Coworker #2: “As I said, none of us went into your office.”

Coworker #1: “They probably fell down.”

This conversation bounced back and forth with both our manager and my coworkers getting exceedingly more irritated at each other. By the end of the day, her keys had still not been found, and despite us staying for an additional two hours past our shifts to help her look — after we had convinced her we had nothing to do with it and she apologized for her behavior — we were not successful in locating them.

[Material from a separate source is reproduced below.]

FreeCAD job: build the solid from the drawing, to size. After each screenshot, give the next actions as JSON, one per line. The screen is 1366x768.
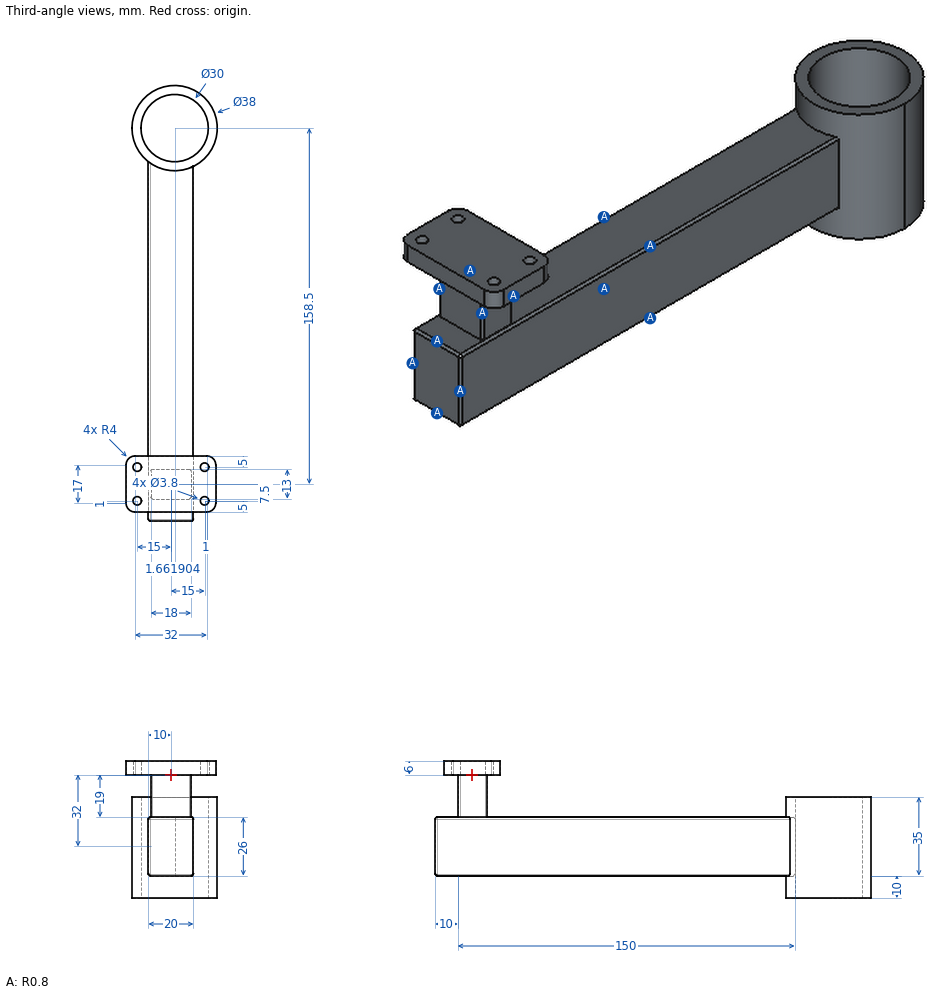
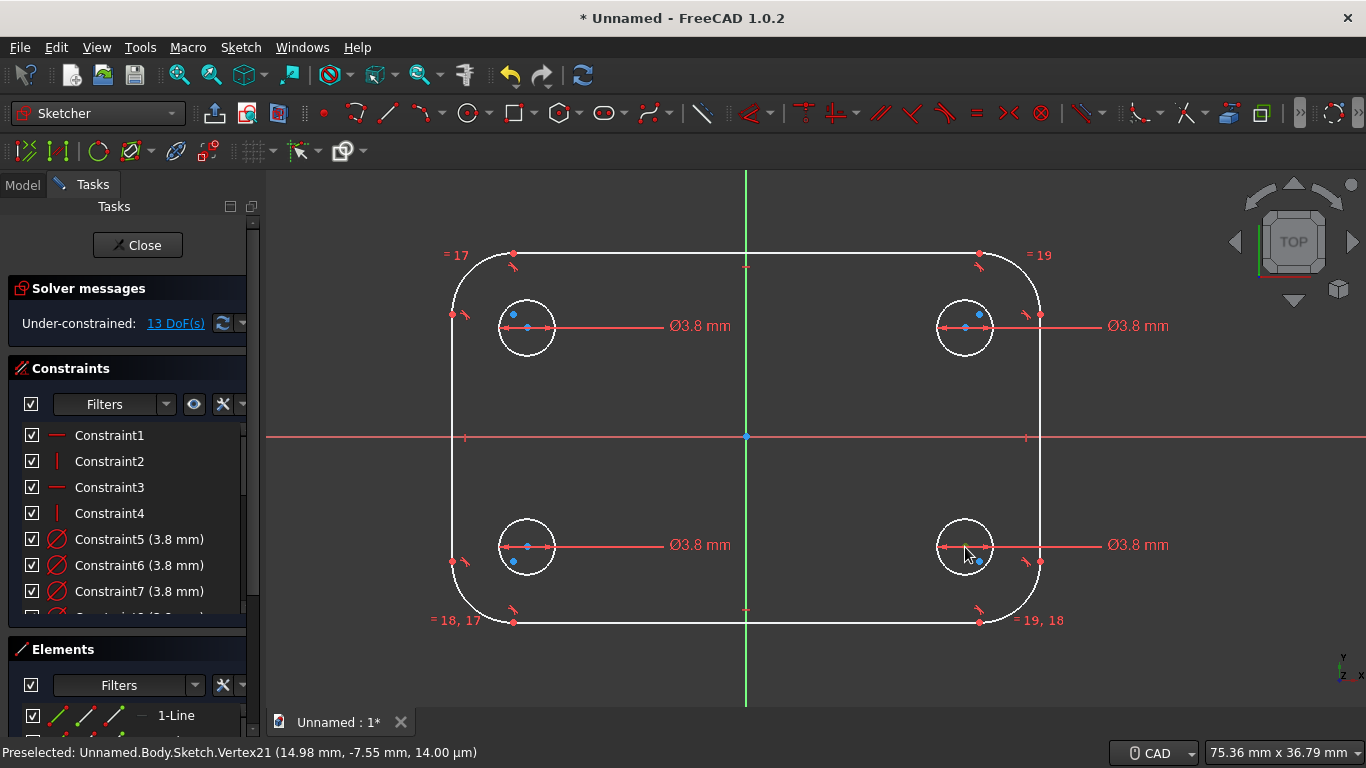
{"action": "left_click", "coordinate": [965, 328]}

The result of this was that we had to call the owner of the company, who was then forced to pay to rekey every internal and external door for our structure. Our manager was saved by her tenure but still received a massive write-up on her employee file for “negligent handling of company property resulting in a steep monetary loss.” This made her the first person in company history to receive that write-up without crashing a company car.

The days went on, the weeks passed, and the seasons changed, and then one day, a visitor arrived. He was there to repair our manager’s typewriter which was still used on a very occasional basis to create mailing envelopes.

Allegedly, what had happened was that our manager had placed her keys inside of the typewriter while replacing the white-out ribbon and, distracted by a phone call, closed the machine back up without grabbing them. Of course, she didn’t notice this until she needed to use the typewriter again, and it was jammed due to the keyring inside of it, prompting her to call for repair.

Maybe we should stick to handwriting our envelopes.